WHAT YOU ARE ASKED TO DO ▸ Please restate the listing word for word, omitting the images.

COLLECTED MATERIAL ▸

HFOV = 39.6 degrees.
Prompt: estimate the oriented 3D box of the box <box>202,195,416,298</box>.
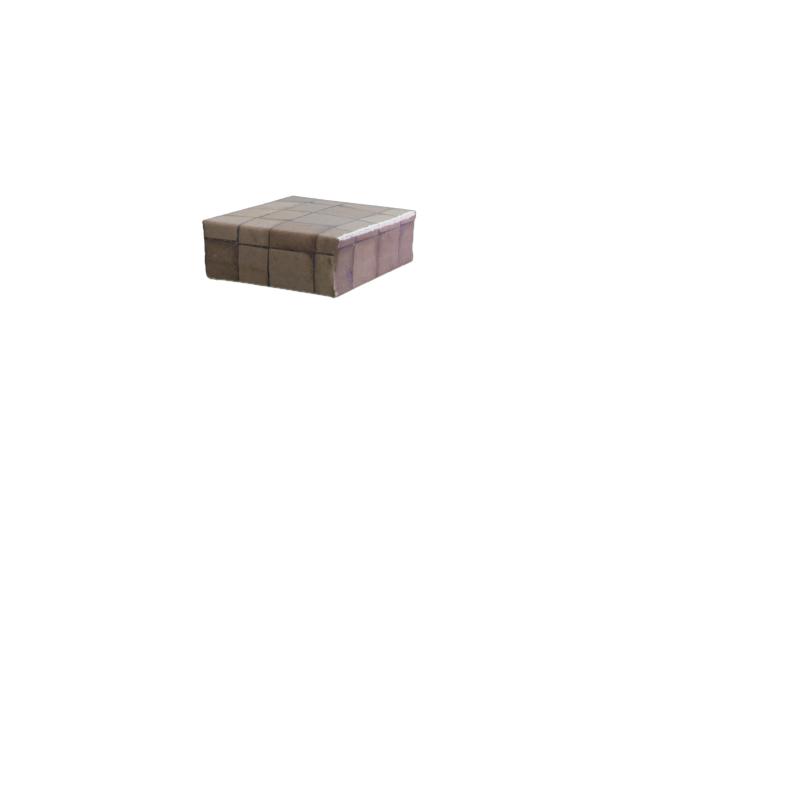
[{"bbox_3d":[-0.053,-0.096,0.670,0.093,0.037,0.114,9,22,23],"label":"box"}]

SOLVED PROBLEM ▸
HFOV = 39.6 degrees.
Prompt: estimate the oriented 3D box of the box <box>202,195,416,298</box>.
[{"bbox_3d":[-0.053,-0.096,0.670,0.093,0.037,0.114,9,22,23],"label":"box"}]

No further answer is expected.